[[ DATA SHOWN, beginning ]]

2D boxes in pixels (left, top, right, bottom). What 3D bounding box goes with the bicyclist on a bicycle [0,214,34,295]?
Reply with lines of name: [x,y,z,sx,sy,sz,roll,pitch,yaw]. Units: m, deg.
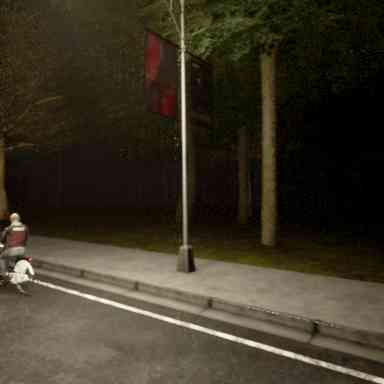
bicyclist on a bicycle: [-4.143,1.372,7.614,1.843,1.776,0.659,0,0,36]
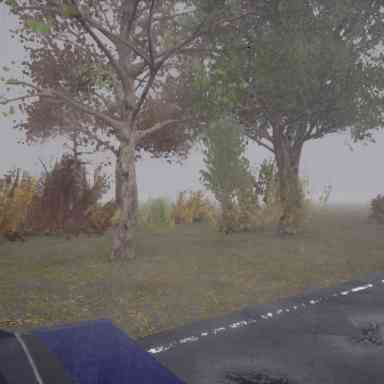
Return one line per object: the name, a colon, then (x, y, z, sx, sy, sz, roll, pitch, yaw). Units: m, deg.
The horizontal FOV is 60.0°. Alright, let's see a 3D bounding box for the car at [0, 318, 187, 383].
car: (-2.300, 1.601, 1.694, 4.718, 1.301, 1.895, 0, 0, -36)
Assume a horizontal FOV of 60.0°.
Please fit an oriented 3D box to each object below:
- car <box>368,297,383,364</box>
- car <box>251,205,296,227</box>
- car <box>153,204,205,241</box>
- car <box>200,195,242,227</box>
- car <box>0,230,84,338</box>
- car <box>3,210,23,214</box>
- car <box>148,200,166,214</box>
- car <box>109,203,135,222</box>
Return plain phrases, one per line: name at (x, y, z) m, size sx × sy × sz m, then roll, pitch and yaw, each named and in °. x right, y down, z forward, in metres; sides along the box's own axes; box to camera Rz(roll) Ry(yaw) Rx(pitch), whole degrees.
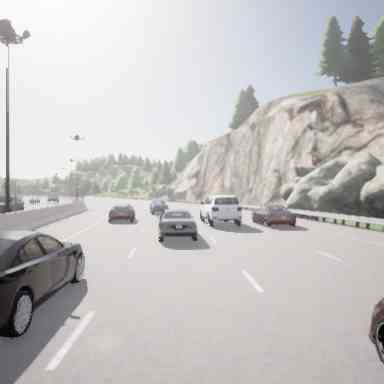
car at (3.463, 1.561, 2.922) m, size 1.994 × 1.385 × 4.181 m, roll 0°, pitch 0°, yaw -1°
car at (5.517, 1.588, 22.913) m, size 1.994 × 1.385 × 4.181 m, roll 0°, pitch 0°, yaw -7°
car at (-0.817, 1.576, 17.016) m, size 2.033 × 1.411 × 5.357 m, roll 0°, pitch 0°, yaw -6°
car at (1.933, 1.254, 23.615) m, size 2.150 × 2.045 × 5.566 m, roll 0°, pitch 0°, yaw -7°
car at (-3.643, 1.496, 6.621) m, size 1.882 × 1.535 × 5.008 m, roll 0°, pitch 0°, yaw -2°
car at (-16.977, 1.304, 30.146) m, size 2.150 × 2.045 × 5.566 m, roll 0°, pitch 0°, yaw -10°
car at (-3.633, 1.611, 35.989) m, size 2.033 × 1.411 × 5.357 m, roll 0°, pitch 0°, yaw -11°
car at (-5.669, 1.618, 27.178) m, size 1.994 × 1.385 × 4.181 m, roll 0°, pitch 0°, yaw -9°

[[ DATA SHOWN, end ]]

WHAT IS REQUIRED: Please write every line above out exactly as given, except for any pictures.

EXERCISE RESPONSE:
2D boxes in pixels (left, top, right, bottom). What 3D bounding box goes with the bicyclist on a bicycle [0,214,34,295]?
Reply with lines of name: [x,y,z,sx,sy,sz,roll,pitch,yaw]. Units: m, deg.
bicyclist on a bicycle: [-4.143,1.372,7.614,1.843,1.776,0.659,0,0,36]
Return one line per object: the name, a colon, then (x, y, z, sx, sy, sz, roll, pitch, yaw). Units: m, deg.
The horizontal FOV is 60.0°. Alright, let's see a 3D bounding box for the car at [0, 318, 187, 383].
car: (-2.300, 1.601, 1.694, 4.718, 1.301, 1.895, 0, 0, -36)
Assume a horizontal FOV of 60.0°.
Please fit an oriented 3D box to each object below:
- car <box>368,297,383,364</box>
- car <box>251,205,296,227</box>
- car <box>153,204,205,241</box>
- car <box>200,195,242,227</box>
- car <box>0,230,84,338</box>
- car <box>3,210,23,214</box>
- car <box>148,200,166,214</box>
- car <box>109,203,135,222</box>
Return plain phrases, one per line: name at (x, y, z) m, size sx × sy × sz m, then roll, pitch and yaw, each named and in °. x right, y down, z forward, in metres; sides along the box's own axes; box to camera Rz(roll) Ry(yaw) Rx(pitch), whole degrees.
car at (3.463, 1.561, 2.922) m, size 1.994 × 1.385 × 4.181 m, roll 0°, pitch 0°, yaw -1°
car at (5.517, 1.588, 22.913) m, size 1.994 × 1.385 × 4.181 m, roll 0°, pitch 0°, yaw -7°
car at (-0.817, 1.576, 17.016) m, size 2.033 × 1.411 × 5.357 m, roll 0°, pitch 0°, yaw -6°
car at (1.933, 1.254, 23.615) m, size 2.150 × 2.045 × 5.566 m, roll 0°, pitch 0°, yaw -7°
car at (-3.643, 1.496, 6.621) m, size 1.882 × 1.535 × 5.008 m, roll 0°, pitch 0°, yaw -2°
car at (-16.977, 1.304, 30.146) m, size 2.150 × 2.045 × 5.566 m, roll 0°, pitch 0°, yaw -10°
car at (-3.633, 1.611, 35.989) m, size 2.033 × 1.411 × 5.357 m, roll 0°, pitch 0°, yaw -11°
car at (-5.669, 1.618, 27.178) m, size 1.994 × 1.385 × 4.181 m, roll 0°, pitch 0°, yaw -9°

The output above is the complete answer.